→ **Problem to solve**
Line by line, return the listing exactly, without any of the images.

⟨

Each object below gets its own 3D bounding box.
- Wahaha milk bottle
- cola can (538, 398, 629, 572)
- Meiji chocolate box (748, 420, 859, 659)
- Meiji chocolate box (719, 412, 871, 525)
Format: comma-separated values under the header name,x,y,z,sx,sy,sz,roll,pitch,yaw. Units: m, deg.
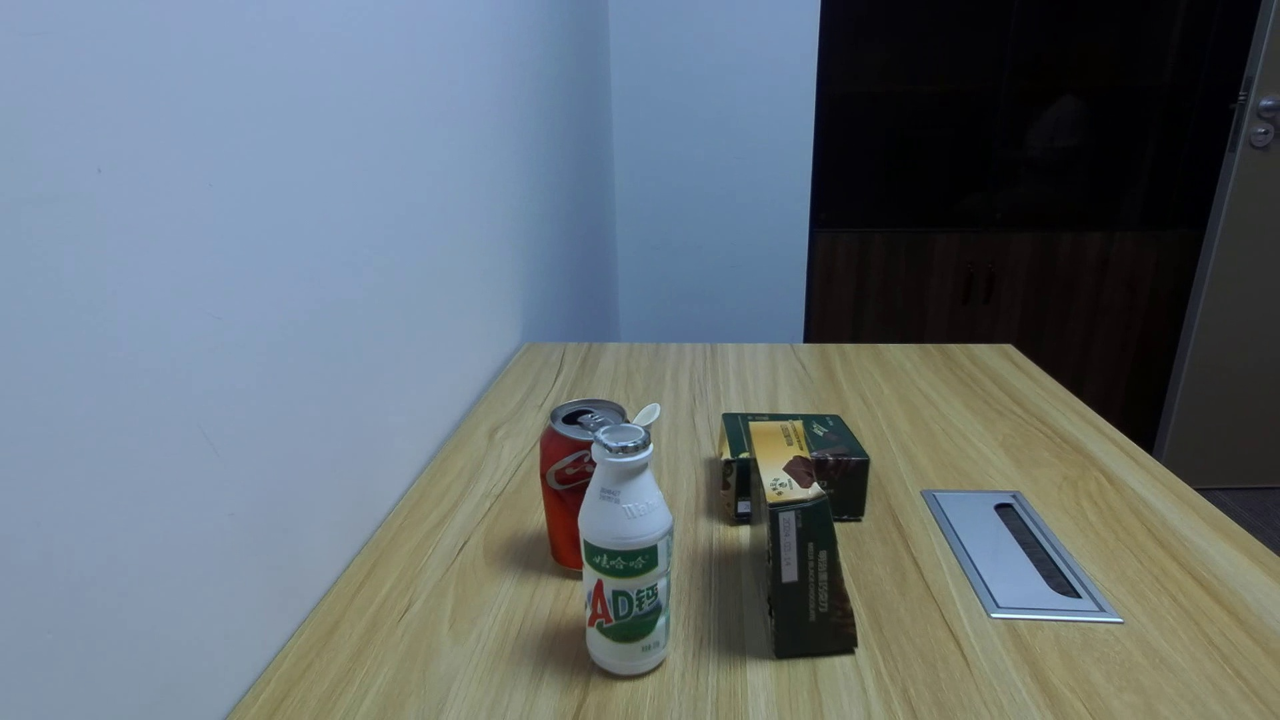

⟩

→ **Response area**
Each object below gets its own 3D bounding box.
- Wahaha milk bottle
- cola can (538, 398, 629, 572)
- Meiji chocolate box (748, 420, 859, 659)
- Meiji chocolate box (719, 412, 871, 525)
Format: comma-separated values under the header name,x,y,z,sx,sy,sz,roll,pitch,yaw. Units: m, deg.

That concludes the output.